I don't keep real detailed notes anymore, but here is what I used for the cherry mead.
I usually use about 5 lbs. cherries per gal. this time:
29 lbs pie cherries This was started in March so cherries have been in the freezer since June. More cherries give more flavor. I pit the cherries after I pick them. Don't get all the pits, but there is a bitter taste that you get with the pits.It does seem to go away with time, tho. Also, I put fruit in a ferment bag. Much easier to remove when done fermenting it.
K- meta and wait 12 hrs or so before pitching yeast.
6 gal. water
2 1/2 tsp. bentonite sprinkled in after first 3 gal. water.
1 gal. honey.
Added enough sugar to bring s.g. up to 1.090 or so.
Add tannin if you like, I didn't this time and usually don't with cherry.

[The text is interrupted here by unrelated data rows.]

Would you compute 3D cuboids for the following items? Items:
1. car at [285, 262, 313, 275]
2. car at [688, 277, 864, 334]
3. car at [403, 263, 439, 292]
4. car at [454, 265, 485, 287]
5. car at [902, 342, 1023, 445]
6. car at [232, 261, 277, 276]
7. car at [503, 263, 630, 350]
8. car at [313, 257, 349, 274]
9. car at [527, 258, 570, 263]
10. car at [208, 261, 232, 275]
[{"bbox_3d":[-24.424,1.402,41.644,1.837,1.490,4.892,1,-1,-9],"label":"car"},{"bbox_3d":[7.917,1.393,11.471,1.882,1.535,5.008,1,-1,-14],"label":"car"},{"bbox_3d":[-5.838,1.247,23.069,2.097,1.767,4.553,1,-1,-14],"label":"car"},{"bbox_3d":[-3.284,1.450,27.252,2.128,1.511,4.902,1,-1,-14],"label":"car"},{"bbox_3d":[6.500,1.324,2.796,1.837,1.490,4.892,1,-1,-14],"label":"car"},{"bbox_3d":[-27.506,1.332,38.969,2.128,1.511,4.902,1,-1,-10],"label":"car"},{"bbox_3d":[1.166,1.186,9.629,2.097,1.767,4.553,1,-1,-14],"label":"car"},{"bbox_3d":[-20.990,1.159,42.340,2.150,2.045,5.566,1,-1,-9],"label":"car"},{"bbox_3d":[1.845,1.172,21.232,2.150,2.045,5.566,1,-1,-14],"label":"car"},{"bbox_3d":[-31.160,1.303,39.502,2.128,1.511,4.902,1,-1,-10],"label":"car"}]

pitched yeast, think I used cotes de blanc- Red star.
Put in 1/2 the nutrient and yeast energizer after the ferment takes off. Nutrient and energizer according to label on pkg.
Add the other half when s.g. was down to 1.060
This was fermented pretty cool, my basement temp. was only 55 degrees.
No problem if it is warmer, If it was later in the season, the temp. will be up in the 70's and that is where I will ferment.
The rest of it is like I do with most of my wines
Pull the fruit bag about 1.005 or so. Maybe squeeze it a bit.
I usually let them ferment dry in the primary bucket.
Rack to carboy
Let it sit for a while til it drops the gross lees and starts clearing a bit. Maybe a couple of weeks, maybe a couple of months.
Rack and k-meta, let it sit with an airlock.
More lees? rack after a while, weeks or months, more k-meta after 3 months or so
Eventually it falls totally clear, if not you can hit it with finings to force it to clear.
I usually just let it clear on its own. Over the winter here they don't clear very good with my cold basement, but in the spring when it warms up they tend to degass and clear pretty fast.
Don't forget to taste test a bit along the way.
It will probably need some sweetening, I just sweeten it to taste, don't forget to stabalize it along the way if you sweeten it before bottling. I usually stabalize it, let it sit for a while, sweeten and let it sit to make sure it doesn't take off again, then bottle.
Good luck with it, any questions, just whistle. I'll try and help. Arne.
forgot the pectic enzime. Put it in 12 hours after the origonal dose of k-meta, wait about a day or so and pitch the yeast. Helps in clearing.